Confidence Engine
The ConfidenceEngine calculates how statistically certain ModelDoctor is that a specific issue exists within the model.
Confidence Calculation
When a Doctor finishes examining the EvaluationContext, it passes its collected evidence list to the ConfidenceEngine.
The engine calculates a confidence_score (float 0.0 - 1.0) based on:
1. Evidence Volume: The number of independent signals collected.
2. Evidence Weight: The categorical weights (Low to Very High) assigned to those signals.
3. Normalized Scores: The severity of the threshold violations.

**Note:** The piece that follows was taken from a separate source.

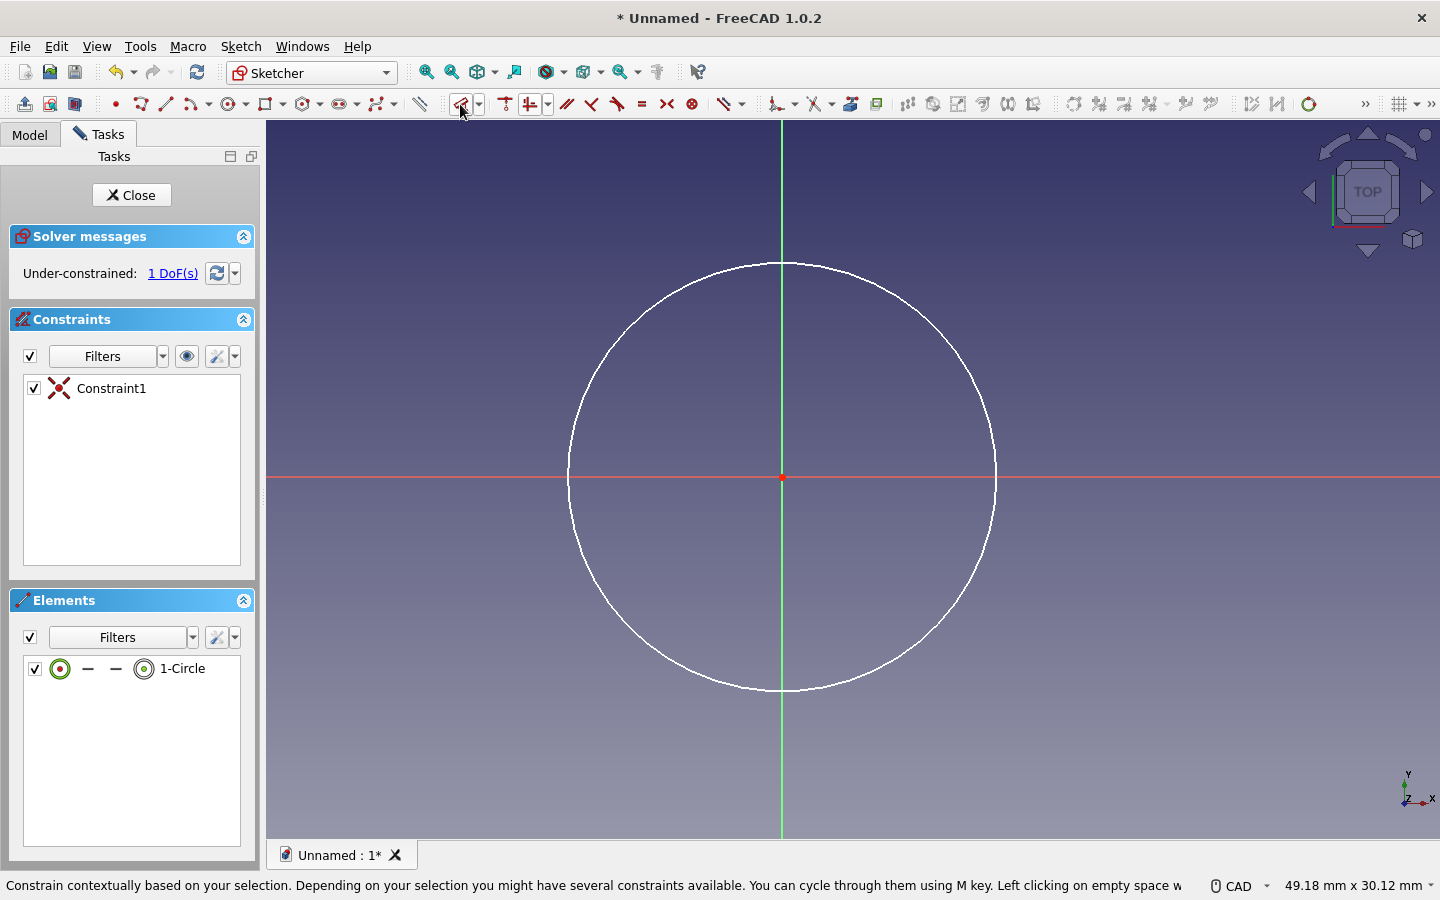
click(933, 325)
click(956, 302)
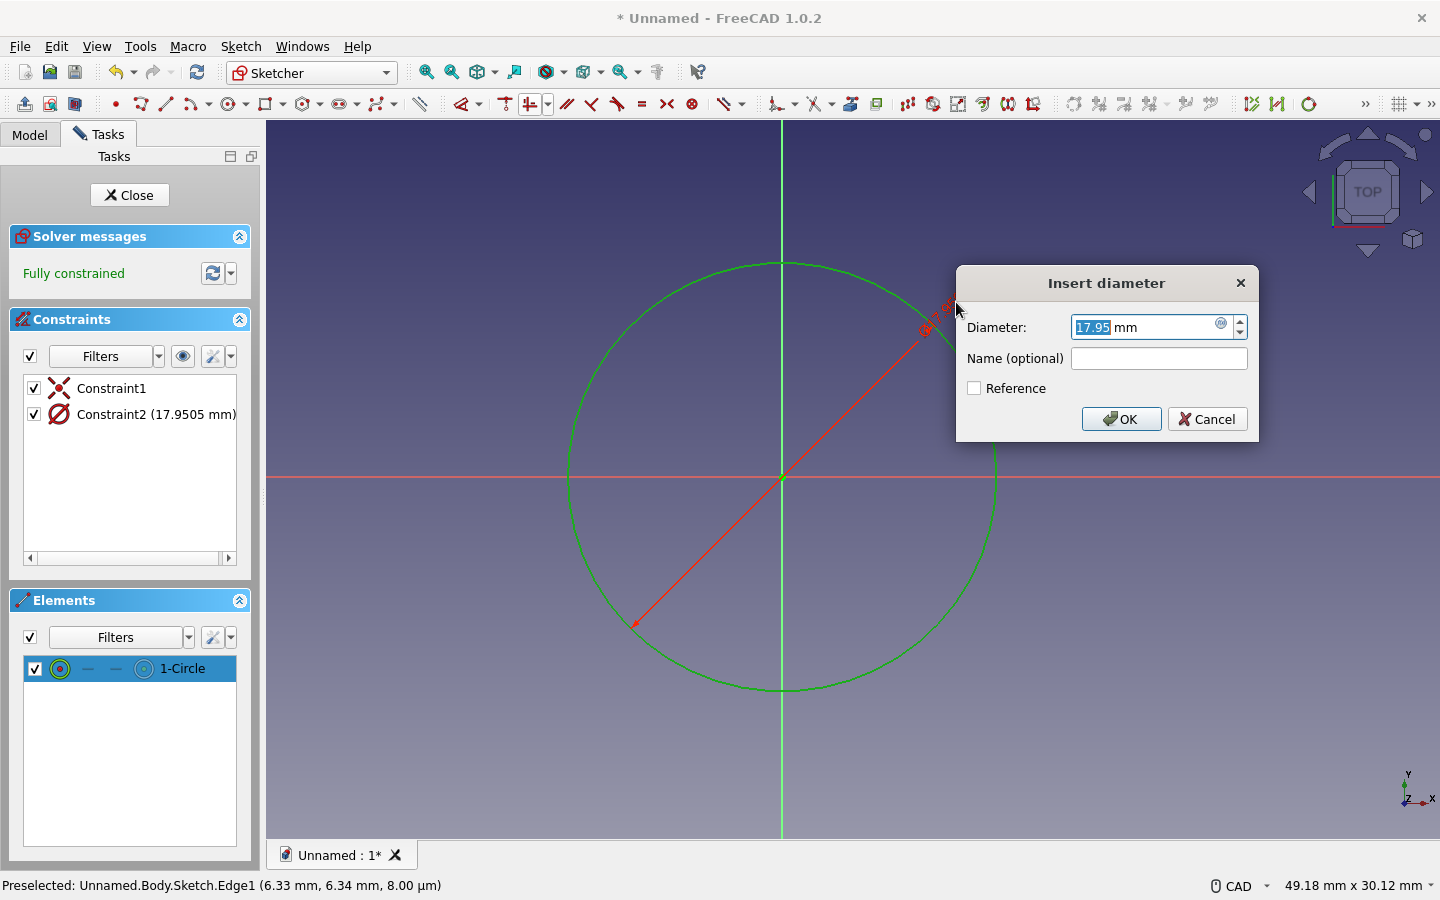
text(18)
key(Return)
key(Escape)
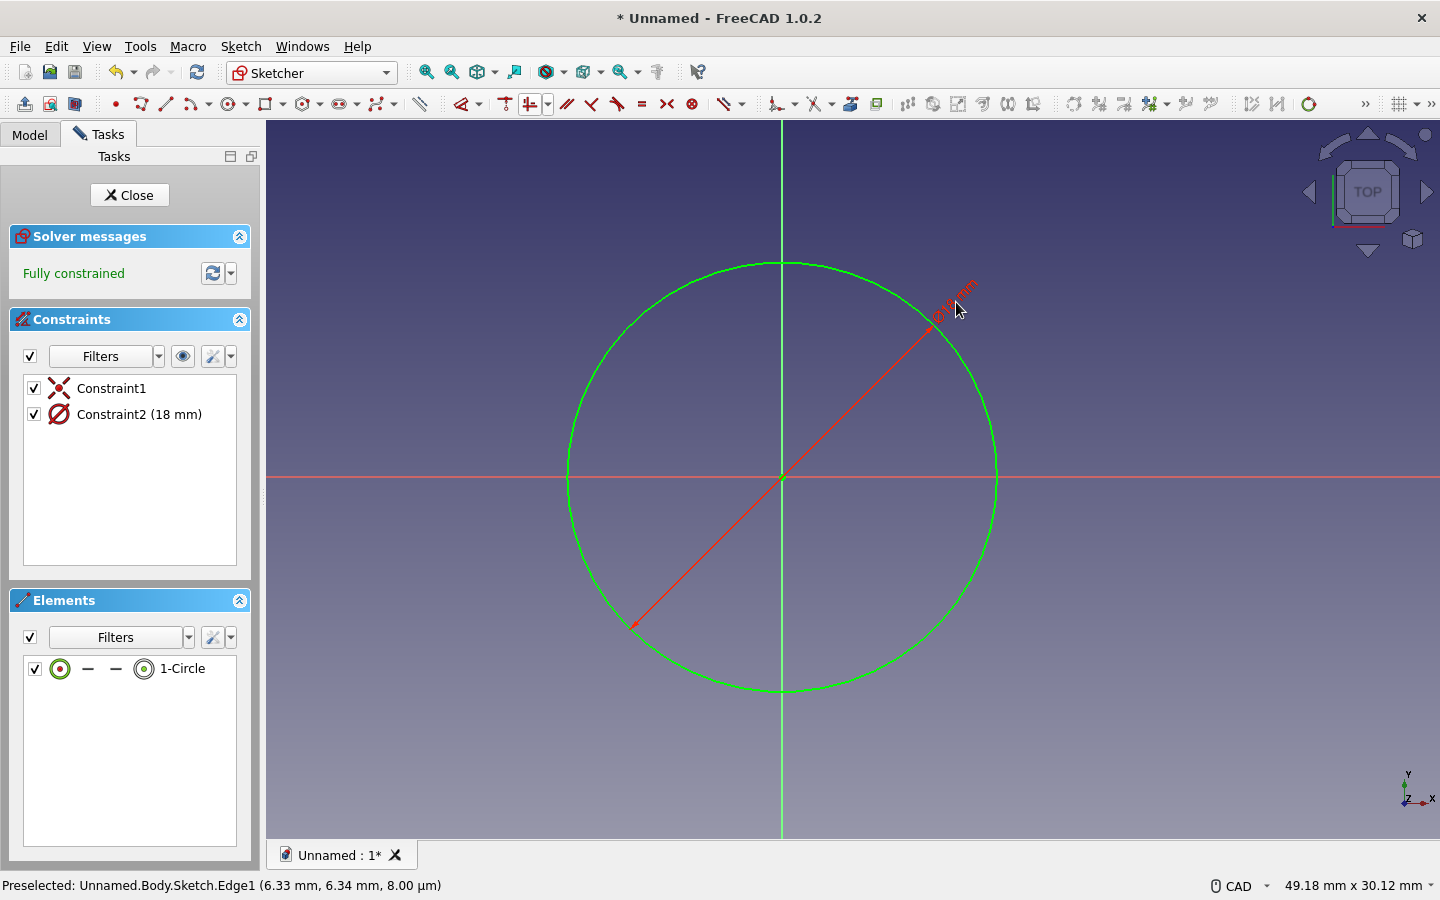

This continuous score is then bucketed into a standard categorical Confidence enum:
- Confidence.LOW
- Confidence.MEDIUM
- Confidence.HIGH
Confidence vs. Risk vs. Severity
It is crucial to understand the distinction between these three concepts in ModelDoctor:
- Confidence: How sure are we that this phenomenon is occurring? (e.g., "I am highly confident the training dataset has missing values.")
- Risk: How dangerous is this phenomenon to the application? (e.g., "The missing value ratio is 1%, so the risk is Low.")
- Severity: The final categorisation used for alerts and UI (
INFO,WARNING,CRITICAL), derived from Risk.
Why separate Confidence from Risk?
Consider a model that exhibits a 0.01 gap between training and testing accuracy.
- Because we have thousands of cross-validation samples proving this gap exists, our Confidence in the gap is HIGH.
- However, a 0.01 gap is completely normal and healthy. Therefore, the Risk is LOW.
By separating these concepts, ModelDoctor avoids throwing false-positive critical alerts for phenomena that are statistically certain but practically harmless.